A back-of-the-envelope calculation finds that, of the more than 50 countries for which there are long-run fiscal data, two-thirds saw their government-spending-to-gdp ratio increase between 1988 and 2018. America’s ratio of day-to-day public spending to gdp is eight percentage points higher than it was in 1962, when Milton Friedman wrote “Capitalism and Freedom”, a book which warned of the dangers of socialism.
Historians argue over why the public sector has a tendency to expand. In the 19th century Adolph Wagner, a German economist, suggested that as places got richer, demands on government grew. An increasingly complex production process needed more regulation and contractual enforcement. Wealthier people would also demand more public welfare provision, the theory goes, perhaps because they worried less about their own material situation and could thus turn their attention to others.
Wagner’s theories also pointed to what economists call “hysteresis” in fiscal policy. Governments may intend to boost spending only for a short while. But then expectations change, making such expansionism hard to undo. It is now common sense that the state should provide education to children at no cost to parents, or support people who are out of work.

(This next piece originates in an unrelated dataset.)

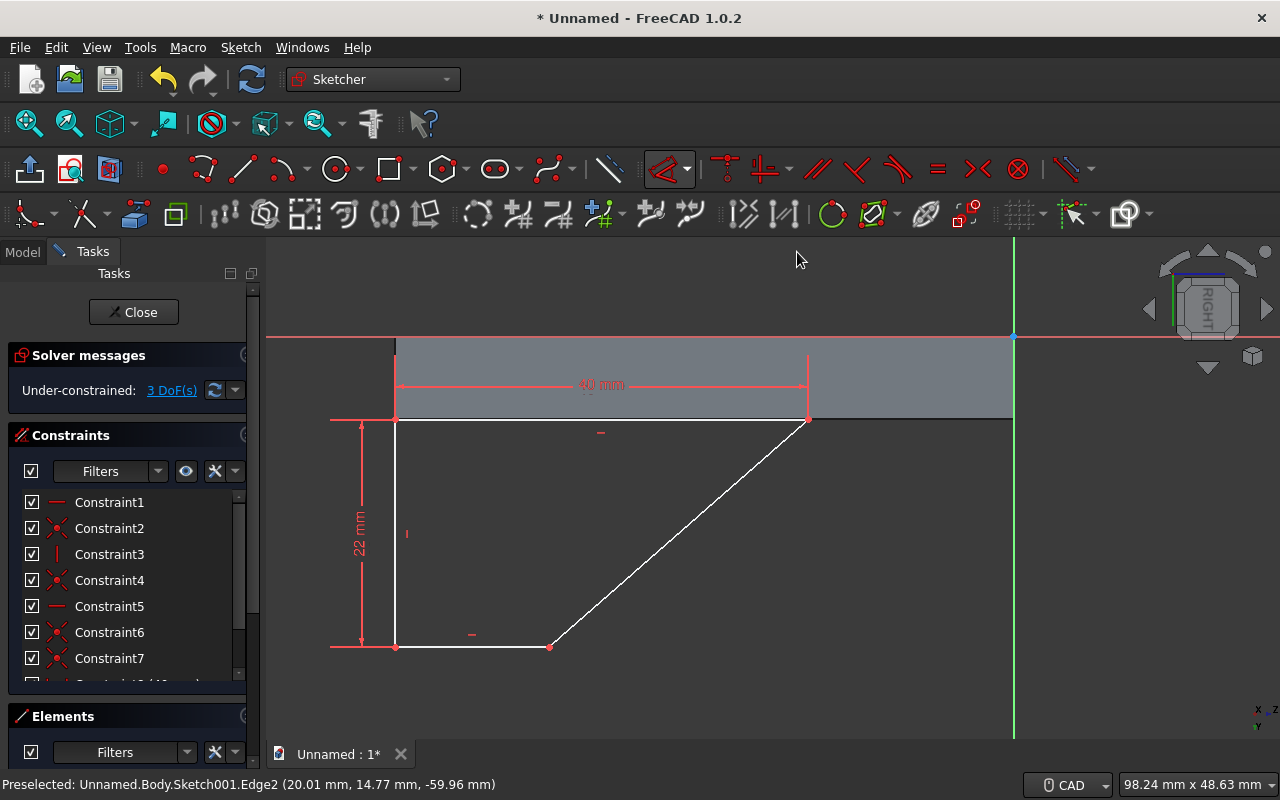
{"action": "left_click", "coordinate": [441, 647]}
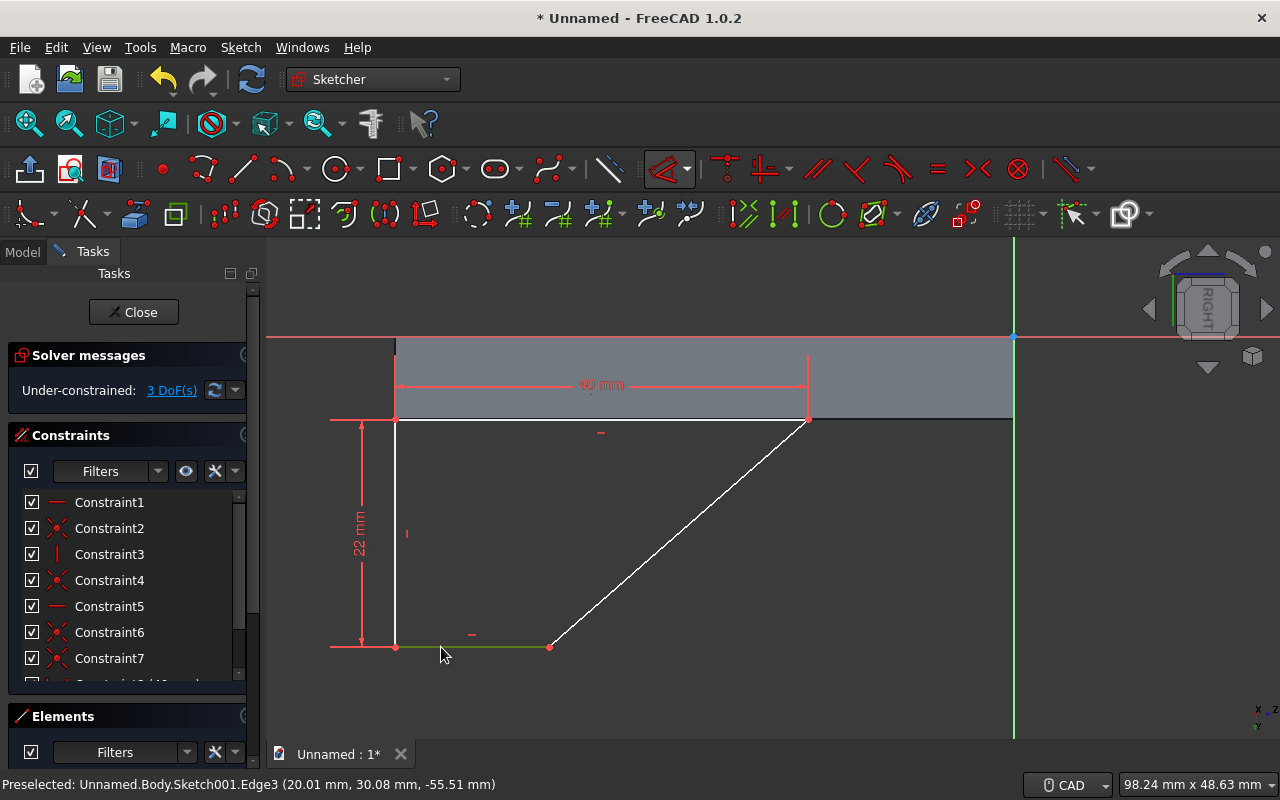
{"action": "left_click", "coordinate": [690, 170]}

American governments have in recent decades cut the share of public spending devoted to welfare. However, it remains politically impossible to bring it down to anywhere near its level in the mid-1960s, before President Lyndon Johnson’s “war on poverty” was launched. The upshot is that while it is easy to ratchet state spending up, it is much harder to push it down.
Perhaps the most important lesson of 500 years of history, however, is that nothing has helped boost state power in Europe and America more than crises. Historians broadly agree that the growing fiscal capacity of capitalist countries from the 1700s onwards was linked to the need to fight increasingly sprawling and expensive wars, especially those using navies and where the field of battle was far from home. (The Seven Years War of 1756-63 is widely considered to be the first global war because it involved a large number of countries, often fighting in foreign theatres.)
To win, countries required increasingly complex, well-resourced administrations which could supply fighters with weapons that worked and food that had not rotted. They also needed the money to pay for it, whether by levying more taxes or by becoming a reliable borrower in markets—which called for yet more bureaucracy. Growing state capacity, in turn, allowed for the emergence of the capitalism we know today, with properly regulated markets, efficient telecoms and transport, and healthy and educated citizens.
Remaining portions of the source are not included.